Upstream Source
This page is part of Truthound Orchestration 3.x.
Source repository: seadonggyun4/truthound-orchestration
Upstream docs path: docs/airflow/operators.md
Edit upstream page: Edit in orchestration
Airflow Operators¶
Airflow operators are the main execution boundary for Truthound in DAGs. They keep scheduling, retries, task IDs, and XCom behavior inside Airflow while delegating source normalization, engine resolution, and result semantics to the shared runtime.
DataQualityCheckOperator¶
Use DataQualityCheckOperator when a task should validate a dataset and either continue, warn, or fail based on the configured policy.
from truthound_airflow import DataQualityCheckOperator
check = DataQualityCheckOperator(
task_id="quality_check",
data_path="/opt/airflow/data/users.parquet",
fail_on_error=True,
rules=[
{"column": "user_id", "type": "not_null"},
{"column": "email", "type": "unique"},
],
)
Typical uses:
- gate downstream tasks
- publish structured validation results to XCom
- wrap a connection-backed source in a first-class Airflow task
- run Truthound auto-schema validation for a fast smoke check
DataQualityProfileOperator¶
Use DataQualityProfileOperator when the DAG needs descriptive profile output instead of strict pass/fail validation.
from truthound_airflow import DataQualityProfileOperator
profile = DataQualityProfileOperator(
task_id="profile_users",
data_path="/opt/airflow/data/users.parquet",
)
DataQualityLearnOperator¶
Use DataQualityLearnOperator when you need to infer a candidate rule set from baseline data.
from truthound_airflow import DataQualityLearnOperator
learn = DataQualityLearnOperator(
task_id="learn_users",
data_path="/opt/airflow/data/baseline_users.parquet",
)
Common pattern:
- baseline learn task
- reviewed rule set
- later
DataQualityCheckOperatorusing the reviewed rules
DataQualityStreamOperator¶
Use DataQualityStreamOperator when the source is large or incremental enough that bounded-memory execution matters.
from truthound_airflow import DataQualityStreamOperator
stream_check = DataQualityStreamOperator(
task_id="stream_users",
data_path="/opt/airflow/data/users.parquet",
rules=[{"column": "user_id", "type": "not_null"}],
)
Streaming support still depends on the selected engine capability. Use preflight when you need to validate that path explicitly.

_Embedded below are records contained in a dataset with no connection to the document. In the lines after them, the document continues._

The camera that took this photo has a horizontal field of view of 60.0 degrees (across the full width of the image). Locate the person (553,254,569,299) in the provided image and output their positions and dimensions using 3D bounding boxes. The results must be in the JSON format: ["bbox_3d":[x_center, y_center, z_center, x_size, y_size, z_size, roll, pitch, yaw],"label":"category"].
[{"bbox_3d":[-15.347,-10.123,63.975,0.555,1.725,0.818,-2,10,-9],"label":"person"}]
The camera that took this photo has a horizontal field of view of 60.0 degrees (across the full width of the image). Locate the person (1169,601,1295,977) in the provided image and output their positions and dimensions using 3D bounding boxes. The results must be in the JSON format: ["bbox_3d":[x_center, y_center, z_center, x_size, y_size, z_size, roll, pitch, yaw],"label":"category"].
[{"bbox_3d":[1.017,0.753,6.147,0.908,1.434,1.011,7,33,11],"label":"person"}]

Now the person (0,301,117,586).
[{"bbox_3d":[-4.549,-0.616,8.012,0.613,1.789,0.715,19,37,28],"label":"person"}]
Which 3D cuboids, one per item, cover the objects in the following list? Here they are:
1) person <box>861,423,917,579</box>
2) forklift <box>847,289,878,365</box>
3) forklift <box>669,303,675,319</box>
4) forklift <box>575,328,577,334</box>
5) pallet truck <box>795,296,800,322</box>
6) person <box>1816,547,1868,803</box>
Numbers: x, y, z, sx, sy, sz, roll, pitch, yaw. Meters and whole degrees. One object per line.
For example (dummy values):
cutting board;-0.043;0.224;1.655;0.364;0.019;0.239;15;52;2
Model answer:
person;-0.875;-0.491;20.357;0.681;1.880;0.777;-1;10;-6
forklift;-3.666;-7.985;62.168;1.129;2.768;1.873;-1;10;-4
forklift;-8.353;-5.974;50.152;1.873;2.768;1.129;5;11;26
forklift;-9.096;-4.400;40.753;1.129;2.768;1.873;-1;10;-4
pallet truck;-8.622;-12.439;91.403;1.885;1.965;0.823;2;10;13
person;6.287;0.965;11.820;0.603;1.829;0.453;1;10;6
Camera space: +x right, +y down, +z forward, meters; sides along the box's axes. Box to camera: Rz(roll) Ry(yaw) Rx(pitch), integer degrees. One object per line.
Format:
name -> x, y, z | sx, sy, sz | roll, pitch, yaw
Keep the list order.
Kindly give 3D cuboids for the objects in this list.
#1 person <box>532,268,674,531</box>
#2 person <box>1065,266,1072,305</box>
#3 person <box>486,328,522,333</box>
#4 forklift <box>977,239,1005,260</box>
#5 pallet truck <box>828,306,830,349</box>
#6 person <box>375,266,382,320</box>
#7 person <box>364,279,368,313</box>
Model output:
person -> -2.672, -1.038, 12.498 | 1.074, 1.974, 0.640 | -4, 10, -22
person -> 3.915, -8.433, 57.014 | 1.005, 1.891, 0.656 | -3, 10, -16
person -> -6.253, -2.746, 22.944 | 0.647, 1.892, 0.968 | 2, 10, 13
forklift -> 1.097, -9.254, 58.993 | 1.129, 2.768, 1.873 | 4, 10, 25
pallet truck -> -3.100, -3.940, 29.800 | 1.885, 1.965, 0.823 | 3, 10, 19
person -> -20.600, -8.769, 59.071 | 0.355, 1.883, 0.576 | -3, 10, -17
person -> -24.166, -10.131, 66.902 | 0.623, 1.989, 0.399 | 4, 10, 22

Truthound-Specific Variants¶
TruthoundCheckOperator, TruthoundProfileOperator, and TruthoundLearnOperator exist for teams that want the Truthound-first path to be explicit in DAG code. Use them when that clarity is more valuable than host-neutral operator naming.
XCom Contract¶
Operators publish structured results that should be treated as shared runtime payloads with Airflow metadata around them. Downstream tasks should read documented result fields rather than inventing their own parser assumptions.
Configuration Guidance¶
Make behavior explicit when:
- the source needs an Airflow connection
- you want
warning_thresholdrather than a hard fail - parallel Truthound execution matters
- you need to tune timeout behavior for long-running validation
Recommended Usage Pattern¶
- Use local paths first when onboarding.
- Move to hooks or connection-backed sources once the DAG path is proven.
- Push alerting and SLA logic into callbacks or downstream tasks rather than hand-parsing operator internals.